The album opens with Crown Vs Pedestal, which wastes no time. Full melodies, percussion, and vocals hit immediately, while distorted voices repeat, “It’s your crown versus my pedastal.” It feels confrontational and theatrical, framing ego and worth as something constantly negotiated. Then, Complx sinks lower. The bassline pulls you under, the beat ripples, and your head starts nodding almost unwillingly. Lines like “I could use a little bit of fortune…sell a piece of my mind” cut straight to the trade-offs behind ambition.
After that, Devil Wears Resale shifts into a smoother R&B lane. It starts restrained, builds patiently, and drops its beat midway through, letting the tension breathe. Soon after, Terrariums sharpens the album’s electronic, lo-fi edge. The vocals bounce over intricate production as “Don’t bother this world is yours” repeats, paired with “…new terrarium, thought I could bury em,” capturing both escape and enclosure.
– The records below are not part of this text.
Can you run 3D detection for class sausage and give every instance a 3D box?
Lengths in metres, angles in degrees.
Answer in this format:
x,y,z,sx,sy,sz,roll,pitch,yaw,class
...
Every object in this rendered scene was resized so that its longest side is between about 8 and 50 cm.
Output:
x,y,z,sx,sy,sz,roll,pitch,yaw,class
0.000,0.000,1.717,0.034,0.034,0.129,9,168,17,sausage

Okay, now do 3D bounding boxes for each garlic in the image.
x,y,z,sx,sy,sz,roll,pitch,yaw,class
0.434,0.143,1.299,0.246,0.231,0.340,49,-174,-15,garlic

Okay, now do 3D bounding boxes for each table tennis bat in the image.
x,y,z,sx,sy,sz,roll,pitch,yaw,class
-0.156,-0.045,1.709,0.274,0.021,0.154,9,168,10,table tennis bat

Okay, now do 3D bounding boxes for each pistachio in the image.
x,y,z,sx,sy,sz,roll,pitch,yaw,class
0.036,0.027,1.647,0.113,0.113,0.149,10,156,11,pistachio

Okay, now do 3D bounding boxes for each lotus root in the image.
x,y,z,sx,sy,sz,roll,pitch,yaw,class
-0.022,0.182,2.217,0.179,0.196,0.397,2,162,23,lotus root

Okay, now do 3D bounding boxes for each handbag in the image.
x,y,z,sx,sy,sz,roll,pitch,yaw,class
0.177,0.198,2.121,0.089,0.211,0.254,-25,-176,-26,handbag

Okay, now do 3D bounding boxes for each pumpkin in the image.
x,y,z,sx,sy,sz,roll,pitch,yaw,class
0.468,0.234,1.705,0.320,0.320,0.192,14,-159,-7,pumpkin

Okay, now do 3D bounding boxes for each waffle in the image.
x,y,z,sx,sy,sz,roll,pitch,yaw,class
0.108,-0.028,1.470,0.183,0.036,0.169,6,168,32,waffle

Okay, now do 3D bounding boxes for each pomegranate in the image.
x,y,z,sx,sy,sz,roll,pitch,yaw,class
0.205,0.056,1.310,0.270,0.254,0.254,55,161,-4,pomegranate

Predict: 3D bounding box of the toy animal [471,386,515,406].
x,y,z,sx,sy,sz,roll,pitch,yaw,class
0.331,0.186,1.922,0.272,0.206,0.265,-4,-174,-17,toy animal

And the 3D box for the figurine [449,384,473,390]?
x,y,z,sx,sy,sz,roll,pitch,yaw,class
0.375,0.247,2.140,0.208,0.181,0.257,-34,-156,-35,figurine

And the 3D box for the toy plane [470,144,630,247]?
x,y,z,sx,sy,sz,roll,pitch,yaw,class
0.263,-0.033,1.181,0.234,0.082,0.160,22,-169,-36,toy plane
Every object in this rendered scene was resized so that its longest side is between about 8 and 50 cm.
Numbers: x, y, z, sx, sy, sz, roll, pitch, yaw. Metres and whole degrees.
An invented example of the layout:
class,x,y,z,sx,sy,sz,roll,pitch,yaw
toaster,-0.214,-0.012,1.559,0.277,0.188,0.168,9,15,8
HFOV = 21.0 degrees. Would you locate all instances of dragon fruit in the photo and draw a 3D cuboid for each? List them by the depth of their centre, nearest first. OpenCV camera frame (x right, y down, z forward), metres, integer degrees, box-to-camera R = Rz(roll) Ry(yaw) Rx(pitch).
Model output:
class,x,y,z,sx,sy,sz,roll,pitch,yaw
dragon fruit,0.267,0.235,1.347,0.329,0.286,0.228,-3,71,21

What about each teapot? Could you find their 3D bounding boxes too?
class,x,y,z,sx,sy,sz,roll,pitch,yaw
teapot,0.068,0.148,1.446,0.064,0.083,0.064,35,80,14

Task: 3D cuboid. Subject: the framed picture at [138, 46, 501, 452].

Next, Sunken Living Room leans back into heavy, submerged R&B. The reverbs cling to you, and the refrain “it’s all a conspiracy right?” carries a restless, uneasy paranoia. Following that, Orwell demands focus. Lyrics like “deepfake the witness” and “drones are flying over” tap directly into surveillance, manipulation, and the invasive depth of the internet itself.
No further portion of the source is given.